# What to work on
"text - A sonno" appears in one line; retype that line and all lines following it through the end of the records, with nothing left out or added.

# Data supplied
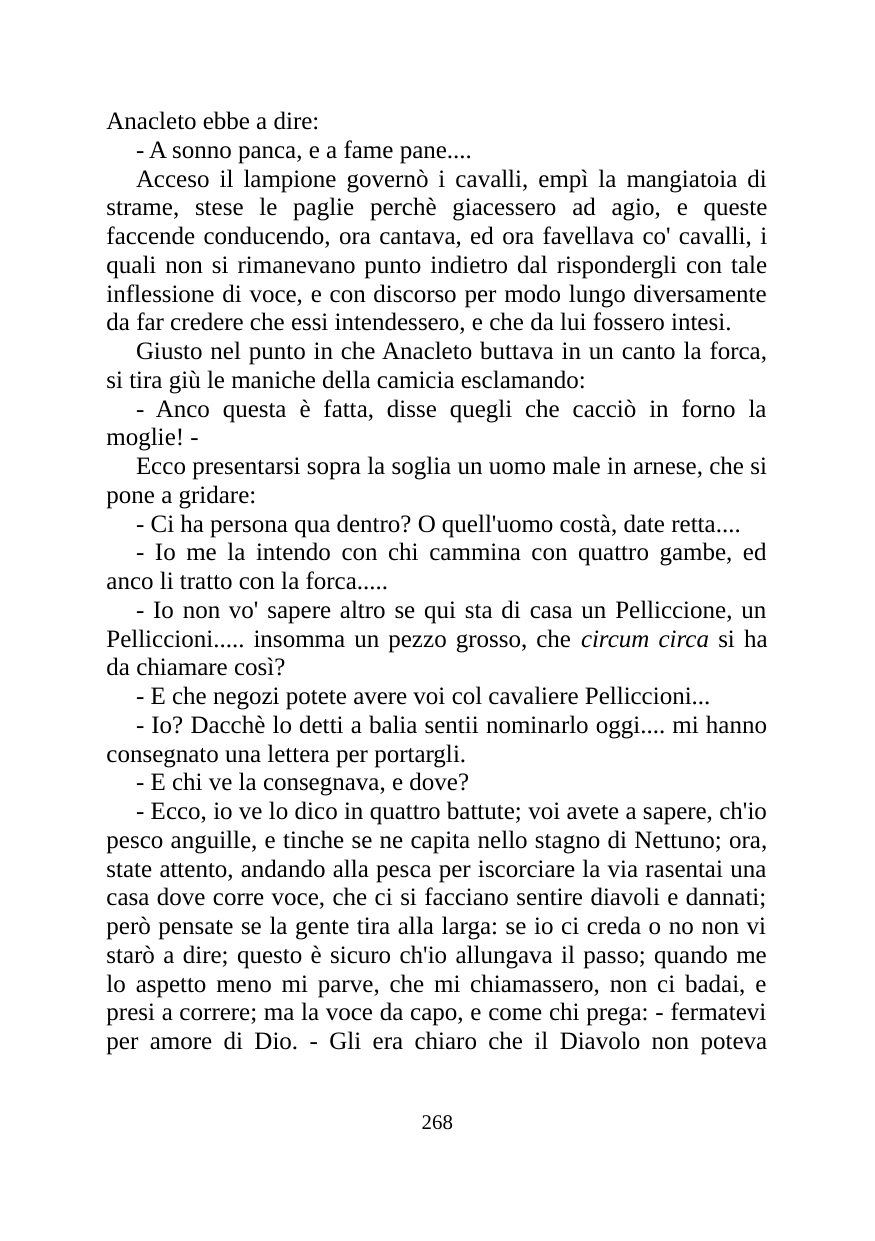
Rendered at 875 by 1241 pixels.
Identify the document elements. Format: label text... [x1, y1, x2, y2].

text - E che negozi potete avere voi col cavaliere Pelliccioni... [106, 681, 768, 710]
text Anacleto ebbe a dire: [106, 106, 768, 135]
text - Ecco, io ve lo dico in quattro battute; voi avete a sapere, ch'io pesco anguille, e tinche se ne capita nello stagno di Nettuno; ora, state attento, andando alla pesca per iscorciare la via rasentai una casa dove corre voce, che ci si facciano sentire diavoli e dannati; però pensate se la gente tira alla larga: se io ci creda o no non vi starò a dire; questo è sicuro ch'io allungava il passo; quando me lo aspetto meno mi parve, che mi chiamassero, non ci badai, e presi a correre; ma la voce da capo, e come chi prega: - fermatevi per amore di Dio. - Gli era chiaro che il Diavolo non poteva [106, 796, 768, 1055]
text - E chi ve la consegnava, e dove? [106, 767, 768, 796]
text - A sonno panca, e a fame pane.... [106, 135, 768, 164]
text Ecco presentarsi sopra la soglia un uomo male in arnese, che si pone a gridare: [106, 451, 768, 509]
text - Anco questa è fatta, disse quegli che cacciò in forno la moglie! - [106, 394, 768, 451]
text Acceso il lampione governò i cavalli, empì la mangiatoia di strame, stese le paglie perchè giacessero ad agio, e queste faccende conducendo, ora cantava, ed ora favellava co' cavalli, i quali non si rimanevano punto indietro dal rispondergli con tale inflessione di voce, e con discorso per modo lungo diversamente da far credere che essi intendessero, e che da lui fossero intesi. [106, 164, 768, 336]
text - Ci ha persona qua dentro? O quell'uomo costà, date retta.... [106, 509, 768, 537]
text - Io me la intendo con chi cammina con quattro gambe, ed anco li tratto con la forca..... [106, 537, 768, 595]
text - Io non vo' sapere altro se qui sta di casa un Pelliccione, un Pelliccioni..... insomma un pezzo grosso, che circum circa si ha da chiamare così? [106, 595, 768, 681]
text - Io? Dacchè lo detti a balia sentii nominarlo oggi.... mi hanno consegnato una lettera per portargli. [106, 710, 768, 767]
text Giusto nel punto in che Anacleto buttava in un canto la forca, si tira giù le maniche della camicia esclamando: [106, 336, 768, 394]

# Problem solution
text - A sonno panca, e a fame pane.... [106, 135, 768, 164]
text Ecco presentarsi sopra la soglia un uomo male in arnese, che si pone a gridare: [106, 451, 768, 509]
text - Anco questa è fatta, disse quegli che cacciò in forno la moglie! - [106, 394, 768, 451]
text Acceso il lampione governò i cavalli, empì la mangiatoia di strame, stese le paglie perchè giacessero ad agio, e queste faccende conducendo, ora cantava, ed ora favellava co' cavalli, i quali non si rimanevano punto indietro dal rispondergli con tale inflessione di voce, e con discorso per modo lungo diversamente da far credere che essi intendessero, e che da lui fossero intesi. [106, 164, 768, 336]
text - Ci ha persona qua dentro? O quell'uomo costà, date retta.... [106, 509, 768, 537]
text - Io me la intendo con chi cammina con quattro gambe, ed anco li tratto con la forca..... [106, 537, 768, 595]
text - Io non vo' sapere altro se qui sta di casa un Pelliccione, un Pelliccioni..... insomma un pezzo grosso, che circum circa si ha da chiamare così? [106, 595, 768, 681]
text - Io? Dacchè lo detti a balia sentii nominarlo oggi.... mi hanno consegnato una lettera per portargli. [106, 710, 768, 767]
text Giusto nel punto in che Anacleto buttava in un canto la forca, si tira giù le maniche della camicia esclamando: [106, 336, 768, 394]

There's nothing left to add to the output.